Я сказал совершенно искренне:
– Я не настолько дерзок, чтобы стать самоубийцей, wali Ахмед.
Я ни в чем не собираюсь вас обвинять. Позволю себе лишь заметить, что великий хан, похоже, доволен, что узнал те сведения, которые я ему сообщил. А посему, если вы накажете меня за ослушание, то представляю, как Хубилай этому удивится.
– Наглый сын свиньи! Ты смеешь утверждать, что я испугаюсь гнева великого хана?
Я ничего не ответил на это. Взгляд его агатовых глаз окаменел еще больше, чем обычно, и он продолжил:
– Запомни это как следует, Фоло. Мое состояние зависит от ханства, в котором я являюсь главным министром и вице-правителем. Я буду не только предателем – я буду идиотом, – если начну подрывать устои государства. Я жажду так же страстно, как и Хубилай, завоевать Юньнань, затем империю Сун, а после этого и весь остальной мир тоже, если только мы сумеем это сделать и если будет на то воля Аллаха. Я не браню тебя за то, что ты раньше меня обнаружил, что при дворе Хубилая благоденствует лазутчик юэ. Но запомни как следует: я – главный министр. Я не потерплю неповиновения и предательства от низших по положению и особенно – от человека, намного моложе и неопытней меня, от чужака, жалкого христианина, лишь недавно появившегося при дворе, и, кроме всего прочего, дерзкого выскочки с чрезмерными амбициями.
Я начал было довольно сердито:
– Я здесь чужак не больше, чем…
Но Ахмед властно поднял руку:
– Я не собираюсь стирать тебя с лица земли за это проявление неповиновения, поскольку пока что сие не причинило мне вреда. Но обещаю, ты пожалеешь об этом, Фоло, и у тебя пропадет охота своевольничать. Раньше я только рассказывал тебе, что такое ад. Кажется, теперь тебе требуется это показать. – Затем, наверное, сообразив, что женщина в смежной комнате могла его услышать, он понизил голос: – Ну так ты это узнаешь, дай только срок. А теперь ступай. Ступай, пока я не вышел из себя.

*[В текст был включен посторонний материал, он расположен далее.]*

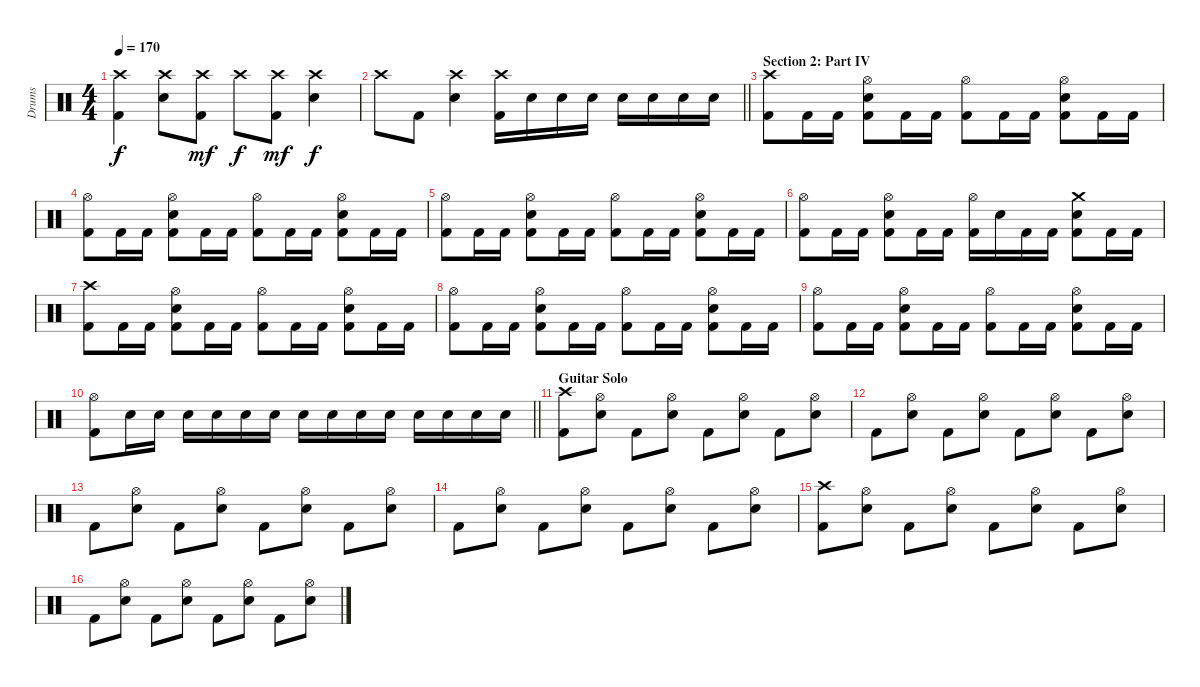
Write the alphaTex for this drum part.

\track ("Drums" "Drums") {instrument percussion}
\staff {score}
\articulation defaults
\ts (4 4)
\tempo 170
\clef neutral
\ks c
("Crash high (hit)" "Kick (hit) 2").4{dy f} ("Crash high (hit)" "Electric Snare (hit)").8 ("Crash high (hit)" "Kick (hit) 2").8{dy mf} "Crash high (hit)".8{dy f} ("Crash high (hit)" "Kick (hit) 2").8{dy mf} ("Crash high (hit)" "Electric Snare (hit)").4{dy f} |
\barLineRight lightlight "Crash high (hit)".8 "Kick (hit) 2".8
("Crash high (hit)" "Electric Snare (hit)").4 ("Crash high (hit)" "Kick (hit) 2").16 "Electric Snare (hit)".16 "Electric Snare (hit)".16 "Electric Snare (hit)".16 "Electric Snare (hit)".16 "Electric Snare (hit)".16 "Electric Snare (hit)".16 "Electric Snare (hit)".16 |
\section ("" "Section 2: Part IV")
("Crash high (hit)" "Kick (hit) 2").8 "Kick (hit) 2".16 "Kick (hit) 2".16 ("Hi-Hat (open)" "Electric Snare (hit)" "Kick (hit) 2").8 "Kick (hit) 2".16 "Kick (hit) 2".16 ("Hi-Hat (open)" "Kick (hit) 2").8 "Kick (hit) 2".16 "Kick (hit) 2".16 ("Hi-Hat (open)" "Electric Snare (hit)" "Kick (hit) 2").8 "Kick (hit) 2".16 "Kick (hit) 2".16 |
("Hi-Hat (open)" "Kick (hit) 2").8 "Kick (hit) 2".16 "Kick (hit) 2".16 ("Hi-Hat (open)" "Electric Snare (hit)" "Kick (hit) 2").8 "Kick (hit) 2".16 "Kick (hit) 2".16 ("Hi-Hat (open)" "Kick (hit) 2").8 "Kick (hit) 2".16 "Kick (hit) 2".16 ("Hi-Hat (open)" "Electric Snare (hit)" "Kick (hit) 2").8 "Kick (hit) 2".16 "Kick (hit) 2".16 |
("Hi-Hat (open)" "Kick (hit) 2").8 "Kick (hit) 2".16 "Kick (hit) 2".16 ("Hi-Hat (open)" "Electric Snare (hit)" "Kick (hit) 2").8 "Kick (hit) 2".16 "Kick (hit) 2".16 ("Hi-Hat (open)" "Kick (hit) 2").8 "Kick (hit) 2".16 "Kick (hit) 2".16 ("Hi-Hat (open)" "Electric Snare (hit)" "Kick (hit) 2").8 "Kick (hit) 2".16 "Kick (hit) 2".16 |
("Hi-Hat (open)" "Kick (hit) 2").8 "Kick (hit) 2".16 "Kick (hit) 2".16 ("Hi-Hat (open)" "Electric Snare (hit)" "Kick (hit) 2").8 "Kick (hit) 2".16 "Kick (hit) 2".16 ("Hi-Hat (open)" "Kick (hit) 2").16 "Electric Snare (hit)".16 "Kick (hit) 2".16 "Kick (hit) 2".16 ("Crash medium (hit)" "Electric Snare (hit)" "Kick (hit) 2").8 "Kick (hit) 2".16 "Kick (hit) 2".16 |
("Crash high (hit)" "Kick (hit) 2").8 "Kick (hit) 2".16 "Kick (hit) 2".16 ("Hi-Hat (open)" "Electric Snare (hit)" "Kick (hit) 2").8 "Kick (hit) 2".16 "Kick (hit) 2".16 ("Hi-Hat (open)" "Kick (hit) 2").8 "Kick (hit) 2".16 "Kick (hit) 2".16 ("Hi-Hat (open)" "Electric Snare (hit)" "Kick (hit) 2").8 "Kick (hit) 2".16 "Kick (hit) 2".16 |
("Hi-Hat (open)" "Kick (hit) 2").8 "Kick (hit) 2".16 "Kick (hit) 2".16 ("Hi-Hat (open)" "Electric Snare (hit)" "Kick (hit) 2").8 "Kick (hit) 2".16 "Kick (hit) 2".16 ("Hi-Hat (open)" "Kick (hit) 2").8 "Kick (hit) 2".16 "Kick (hit) 2".16 ("Hi-Hat (open)" "Electric Snare (hit)" "Kick (hit) 2").8 "Kick (hit) 2".16 "Kick (hit) 2".16 |
("Hi-Hat (open)" "Kick (hit) 2").8 "Kick (hit) 2".16 "Kick (hit) 2".16 ("Hi-Hat (open)" "Electric Snare (hit)" "Kick (hit) 2").8 "Kick (hit) 2".16 "Kick (hit) 2".16 ("Hi-Hat (open)" "Kick (hit) 2").8 "Kick (hit) 2".16 "Kick (hit) 2".16 ("Hi-Hat (open)" "Electric Snare (hit)" "Kick (hit) 2").8 "Kick (hit) 2".16 "Kick (hit) 2".16 |
\barLineRight lightlight
("Hi-Hat (open)" "Kick (hit) 2").8 "Electric Snare (hit)".16 "Electric Snare (hit)".16 "Electric Snare (hit)".16 "Electric Snare (hit)".16 "Electric Snare (hit)".16 "Electric Snare (hit)".16 "Electric Snare (hit)".16 "Electric Snare (hit)".16 "Electric Snare (hit)".16 "Electric Snare (hit)".16 "Electric Snare (hit)".16 "Electric Snare (hit)".16 "Electric Snare (hit)".16 "Electric Snare (hit)".16 |
\section ("" "Guitar Solo")
("Crash high (hit)" "Kick (hit) 2").8 ("Hi-Hat (open)" "Electric Snare (hit)").8 "Kick (hit) 2".8 ("Hi-Hat (open)" "Electric Snare (hit)").8 "Kick (hit) 2".8 ("Hi-Hat (open)" "Electric Snare (hit)").8 "Kick (hit) 2".8 ("Hi-Hat (open)" "Electric Snare (hit)").8 |
"Kick (hit) 2".8 ("Hi-Hat (open)" "Electric Snare (hit)").8 "Kick (hit) 2".8 ("Hi-Hat (open)" "Electric Snare (hit)").8 "Kick (hit) 2".8 ("Hi-Hat (open)" "Electric Snare (hit)").8 "Kick (hit) 2".8 ("Hi-Hat (open)" "Electric Snare (hit)").8 |
"Kick (hit) 2".8 ("Hi-Hat (open)" "Electric Snare (hit)").8 "Kick (hit) 2".8 ("Hi-Hat (open)" "Electric Snare (hit)").8 "Kick (hit) 2".8 ("Hi-Hat (open)" "Electric Snare (hit)").8 "Kick (hit) 2".8 ("Hi-Hat (open)" "Electric Snare (hit)").8 |
"Kick (hit) 2".8 ("Hi-Hat (open)" "Electric Snare (hit)").8 "Kick (hit) 2".8 ("Hi-Hat (open)" "Electric Snare (hit)").8 "Kick (hit) 2".8 ("Hi-Hat (open)" "Electric Snare (hit)").8 "Kick (hit) 2".8 ("Hi-Hat (open)" "Electric Snare (hit)").8 |
("Crash high (hit)" "Kick (hit) 2").8 ("Hi-Hat (open)" "Electric Snare (hit)").8 "Kick (hit) 2".8 ("Hi-Hat (open)" "Electric Snare (hit)").8 "Kick (hit) 2".8 ("Hi-Hat (open)" "Electric Snare (hit)").8 "Kick (hit) 2".8 ("Hi-Hat (open)" "Electric Snare (hit)").8 |
"Kick (hit) 2".8 ("Hi-Hat (open)" "Electric Snare (hit)").8 "Kick (hit) 2".8 ("Hi-Hat (open)" "Electric Snare (hit)").8 "Kick (hit) 2".8 ("Hi-Hat (open)" "Electric Snare (hit)").8 "Kick (hit) 2".8 ("Hi-Hat (open)" "Electric Snare (hit)").8

Я ушел, но не слишком далеко, на случай, если понадоблюсь великому хану. Я прогулялся по дворцовым садам до холма Кара и Павильона Эха. Снаружи дул приятный легкий ветерок с гор, и я надеялся на свежем воздухе привести в порядок свои мысли. Идя вдоль мозаичной стены, я мысленно перебирал все то, что произошло со мной в Ханбалыке, а этого было немало. Надо же, министр Пао оказался юэ из Юньнань, Ноздря обрел потерянную двадцать лет назад возлюбленную, а близнецам Биянту и Биликту, выходит, совершенно не нужна моя любовь… Ну и чудеса…
И тут, как будто мне было мало всего остального, я внезапно получил еще один сюрприз. Чей-то голос прошептал мне на ухо по-монгольски:
– Не оборачивайся. Не двигайся. Не смотри по сторонам.
Я застыл на месте, решив, что меня сейчас заколют или зарежут.
Однако никого рядом не было. А загадочный голос снова произнес:
– Тебе грозит страшная опасность, ференгхи. Твоя участь будет ужасна, но ты это заслужил. Однако час расплаты настанет позже, потому что ожидание, ужас и незнание идут рука об руку.
К этому времени я уже пришел в себя и понял, что таинственный голос, звучавший, казалось, прямо у меня в ушах, – один из фокусов Павильона Эха. Я обернулся и огляделся по сторонам, никого не увидел и резко произнес:
– Что я заслужил? Чего вы хотите от меня?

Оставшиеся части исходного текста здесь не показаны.